In October, it was reported that as many as twenty private pilots had tried to land at Denver International Airport, mistaking it for nearby Front Range Airport and causing several DIA jetliner takeoffs to be aborted. The confusion apparently stems from the sad fact that both airports have a Runway 26.

A True Visionary
In February, Denver architect and former city planner Ron Straka proposed that the playing field at Mile High Stadium be preserved even after the rest of the facility was demolished for the new stadium. Noting that this was the site of "countless indelible moments of sports history where many memorable athletes performed," Straka suggested that "it should be preserved as a permanent open space. It would provide a place for tailgating and rallies on game days, a green relief in a sea of asphalt." Broncos owner Pat Bowlen said he liked the concept -- but it was not included in final plans for the stadium.

Party Animals
Authorities in Boulder, Larimer and Weld counties were on the lookout in March after a rash of burglaries at veterinary clinics. The thieves were stealing ketamine, which vets use mainly to anesthetize cats for declawing. According to the DEA, ketamine produces a hallucinogenic high in humans that lasts around an hour. "If people saw what cats look like when they wake up from it, they'd never take it," said veterinarian Guy Newton.

Do As I Say, Not As I Do
In January, Representative Scott McKay, a Republican from Lakewood, called the cops on his wife, Jean, after she allegedly sprayed a bottle of dish soap in his mouth during an argument over his swearing. (The charges were dismissed in May.) In August, Jean filed a complaint claiming that hubby "threw a trash can at her, spit in her face, twisted her big toe and twisted her nose." Police, however, saw no visible signs of injury and refused to press charges; McKay speculated that his wife had made the report in retaliation for her January arrest.
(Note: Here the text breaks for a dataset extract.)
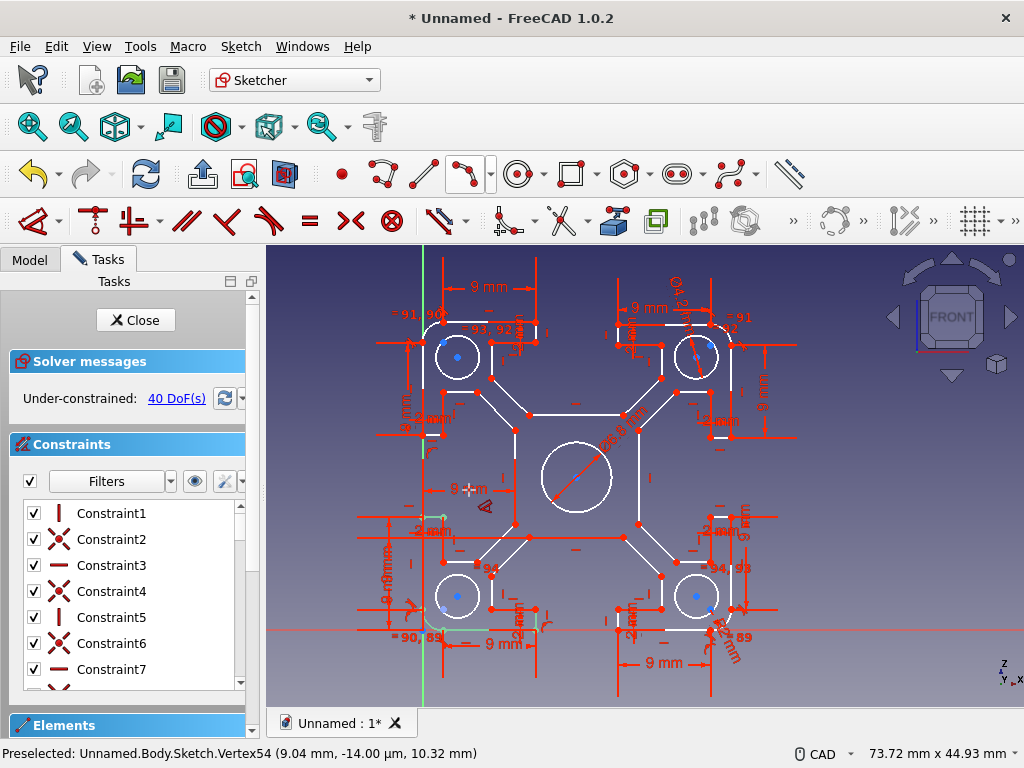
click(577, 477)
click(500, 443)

Rockies pitcher Pedro Astacio was arrested in August for hitting his estranged, pregnant wife in the face; he pleaded innocent in September. A trial is scheduled for January.
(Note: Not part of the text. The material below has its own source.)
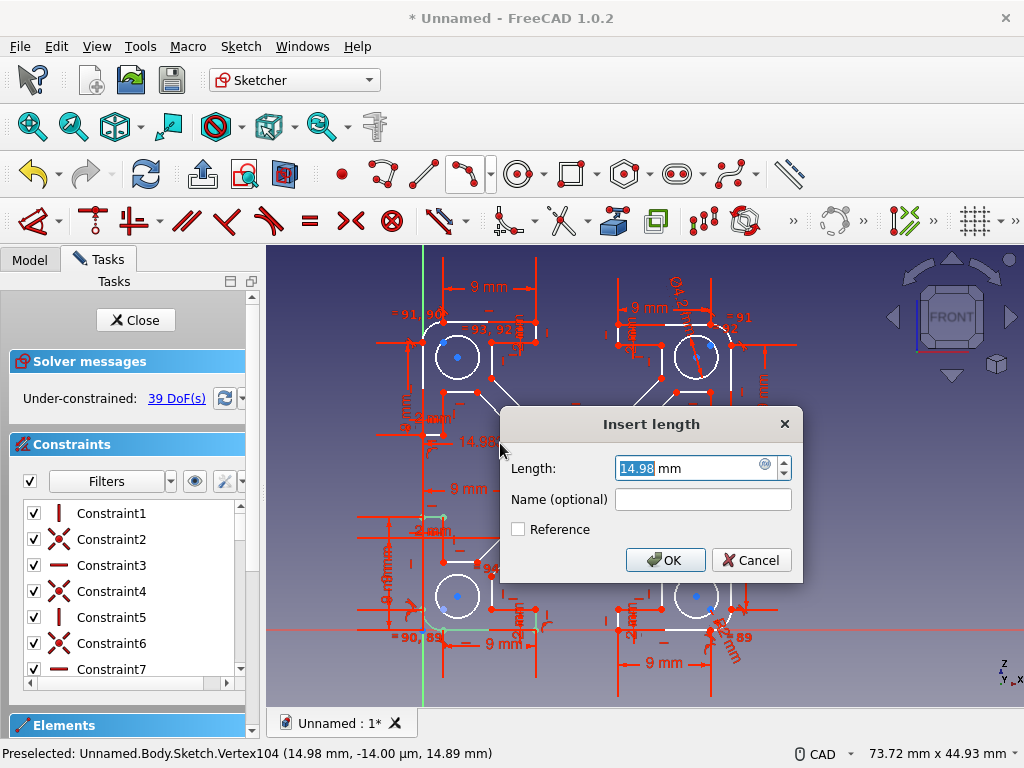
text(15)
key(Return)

Gregory Garth Hearn, a former elder at Conifer Community Church, in October pleaded guilty to sexually assaulting a fifteen-year-old girl. Some members of the congregation accused the pastor and church elders of supporting Hearn and ignoring the girl's family.

Also in October, officials at Ascension Episcopal Church insisted that someone must have hacked into their phone line after more than $1,100 worth of calls to Creative Opportunities, a Florida phone-sex company, were billed to the phone in the church's daycare center. But Creative Opportunities president Ginger DeCarlo was certain someone at the church was making the calls. "They're like junkies. They can't stop calling," she said.

In November, Rifle city councilman Jim Beveridge was convicted on animal-cruelty charges for shooting five magpies with a pellet gun. The birds are protected under the Migratory Bird Treaty Act; Beveridge said they'd been eating his dog's food, damaging his home and defecating on his cars.

Jerry Numon, the 52-year-old principal of a Morgan County school, was already on administrative leave because of his arrest record -- which included charges of, but no convictions for, second-degree assault, larceny and being a fugitive -- when he was arrested in March on suspicion of sexual assault on a student.